Tropezando y andando con las piernas entrelazadas, entre beso y beso y perdiendo la ropa por el camino llegaron a la ducha. El agua caliente comenzó a resbalar por las mejillas y el cuerpo de Jorge y fue en ese momento que el instinto preparó sus dientes. Lo empujó contra la pared y con un movimiento rápido le daleó la cabeza para poder tener una buena visión de su cuello. Abrió la boca y al apretar los dientes pasó la lengua suavemente por encima de la carne de Jorge, que no solamente olía bien, sabía mejor. Tanto, que perdió la noción del tiempo y pensó que realmente le estaba haciendo daño, así que lentamente fue dejando de apretar pasando la lengua de nuevo e intentando aliviar el dolor con un beso.

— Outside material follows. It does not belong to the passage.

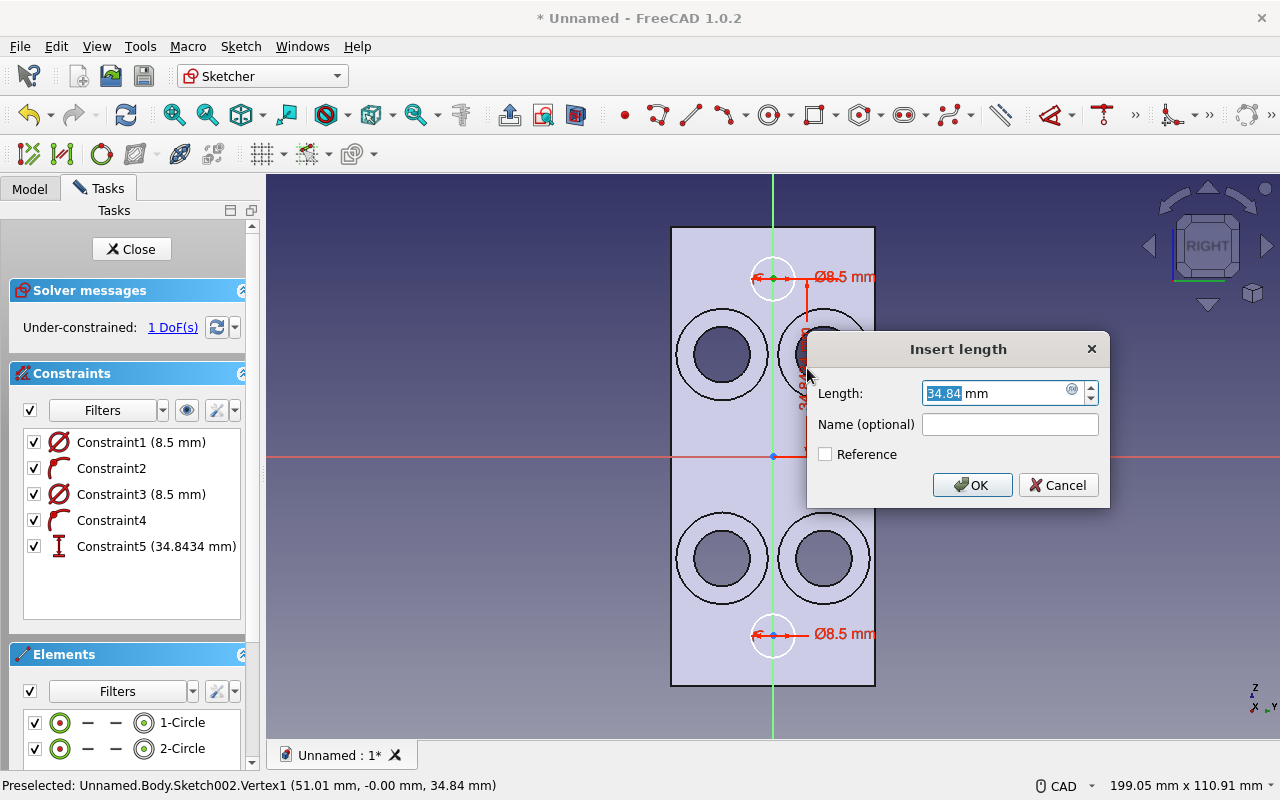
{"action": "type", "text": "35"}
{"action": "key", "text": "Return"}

Y durante todo ese tiempo, Jorge no dijo nada, ni se quejó, se dejó hacer mientras lo abrazaba cada vez más fuerte. Cuando volvió a mirarlo a los ojos Jorge estaba extasiado y sonriendo se acercó a su oído y le dijo: - ¡Ahora me toca a mí! Y apretó los dientes aprisionando el lóbulo de su oreja.

A él nunca le habían mordido y aquel mordisco le pareció lo más erótico, pero también lo más cariñoso y tierno del mundo y bajo el agua caliente siguieron mordiéndose.

Dicen que la región del cerebro que actúa cuando experimentamos amor y sexo es la misma y que por eso los confundimos. Quizás distraer al cerebro con el dolor del mordisco fue lo que deshizo la confusión y le hizo ver claro que era amor y no sexo. O quizás simplemente fue que encontró a alguien que expresaba su amor de la misma forma que él.